0

Assume that I have a string which contains,

Some content blah blah blah
Some more random content
ParentID: Here goes the important content

I am trying to write a regex in ruby, to parse the value of "ParentID:" out of this string, this is what I have now,

def parseForParent(textForParsing)

  string1 = textForParsing.match(/ParentID:([^\/.]*)\n$/)

end

This problem seems to be resolved now, check for answers below, I am trying to modify the regex so that I can limit the text that is actually related to 'ParentID'. One way of doing it is to strip all further text beyond a delimiter, or I could incorporate it in my regex.

Rohan Dalvi
  • 1,215
  • 1
  • 16
  • 38

3 Answers3

1

You must be doing something odd because it works, though I've made some changes here to make it more Ruby styled:

def parse_for_parent(text)
  match = text.match(/ParentID:([^\/.]*?)\n$/)

  match and match[1]
end

text = <<END
Some content blah blah blah
Some more random content
ParentID: Here goes the important content
END

parse_for_parent(text)
# => " Here goes the important content"

As a note, method names in Ruby are defined with underscores. Class names are mixed case. Constants are all-caps.

tadman
  • 208,517
  • 23
  • 234
  • 262
  • I am stil getting the same undefined method `match' for nil:NilClass, is it because the function is returning nil? It is still not extracting the substring. – Rohan Dalvi Sep 25 '13 at 17:55
  • 2
    @RohanDalvi: Insert `puts textForParsing.inspect` before the match line. You will see that the value you are passing to the method is `nil`. Are you by any chance reading the string from a file? The read might be incomplete. (Hint: http://stackoverflow.com/questions/5545068/what-are-all-the-common-ways-to-read-a-file-in-ruby) – kristinalim Sep 25 '13 at 18:05
  • @kristinalim You are right, that was the problem. Now, the issue is with the regex, so for example, I am getting this output: ParentID: Transactional NAS

    Acceptance Criteria:

    I can verify that after changing Ideally, the output should have ended by the end of NAS since there is a
    tag ahead but it prints everything, so maybe I should use a regex that stops at all "
    "tags
    – Rohan Dalvi Sep 25 '13 at 18:18
  • Posted an answer. Kindly update your question to reflect the new details. – kristinalim Sep 25 '13 at 18:41
  • Your regular expression needs to be adjusted to avoid those problems. You didn't have any HTML in your example. – tadman Sep 25 '13 at 18:41
  • It's the `\n` at the end of the regex. That forces it to pick up everything up to the last `\n` (because it's greedy) – pguardiario Sep 26 '13 at 02:26
  • @pguardiario That's probably it. The original expression worked in my test here, but I've adjusted it. – tadman Sep 26 '13 at 14:40
1

How is this using str[regexp, capture]?

text = <<END
Some content blah blah blah
Some more random content
ParentID: Here goes the important content
END

text[/ParentID:(?<match>.*)/,"match"]
# => " Here goes the important content"
Arup Rakshit
  • 116,827
  • 30
  • 260
  • 317
0

If all you are dealing with are BR HTML tags, you can simplify parsing by replacing the BR tags in your input into plain text newlines before feeding it into your parseForParent method:

converted_text = text.gsub(/<br\s*\/?>/i, "\n")
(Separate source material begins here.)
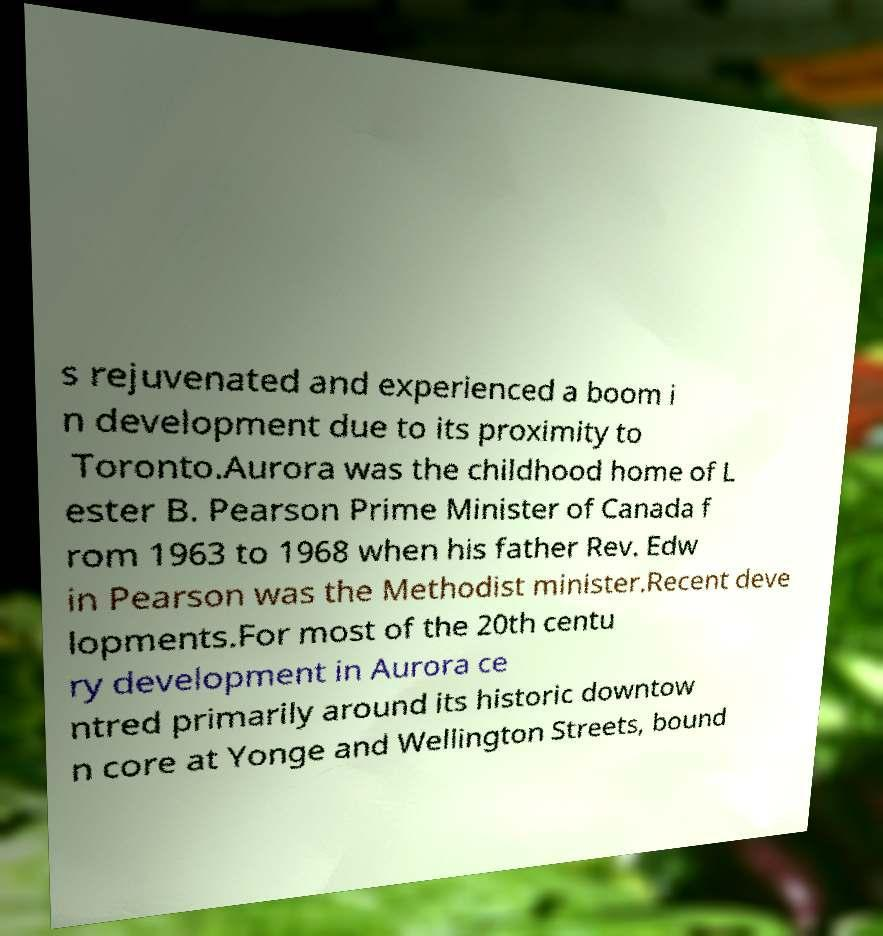I need the written content from this picture converted into text. Can you do that? s rejuvenated and experienced a boom i n development due to its proximity to Toronto.Aurora was the childhood home of L ester B. Pearson Prime Minister of Canada f rom 1963 to 1968 when his father Rev. Edw in Pearson was the Methodist minister.Recent deve lopments.For most of the 20th centu ry development in Aurora ce ntred primarily around its historic downtow n core at Yonge and Wellington Streets, bound 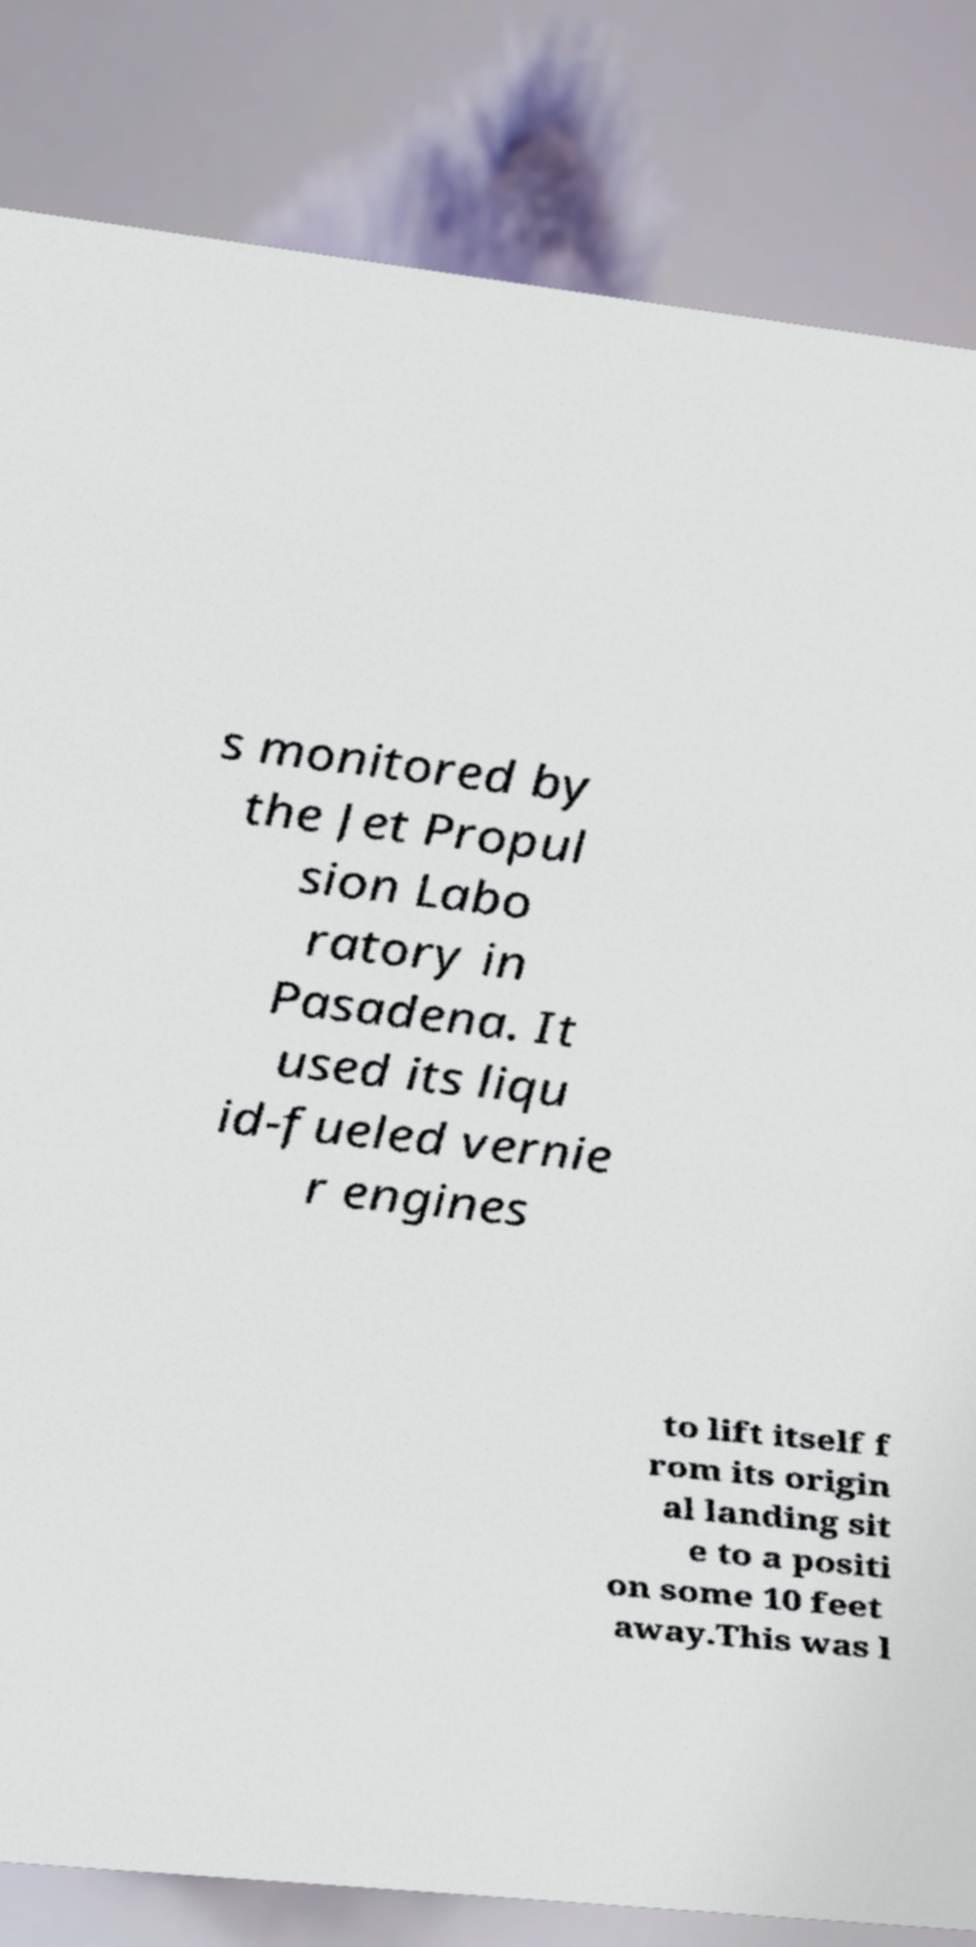Can you read and provide the text displayed in the image?This photo seems to have some interesting text. Can you extract and type it out for me? s monitored by the Jet Propul sion Labo ratory in Pasadena. It used its liqu id-fueled vernie r engines to lift itself f rom its origin al landing sit e to a positi on some 10 feet away.This was l

That should be flexible enough to handle <BR>, <br/>, and <br />.

Update:

As @tadman emphasized, it is generally safer to use a full-blown HTML parser (e.g. Nokogiri) to handle parsing. This thread might also be of interest to you.

Community
  • 1
  • 1
kristinalim
  • 3,459
  • 18
  • 27
  • 2
    This would be better done with a proper HTML parser like Nokogiri. Regular expressions can only pretend to understand HTML tags. – tadman Sep 25 '13 at 18:42
  • @kristinalim I can't use "\n" instead of "
    " because I am feeding this in the form of a csv to a system and that system doesn't format "\n" only "
    "
    – Rohan Dalvi Sep 26 '13 at 00:24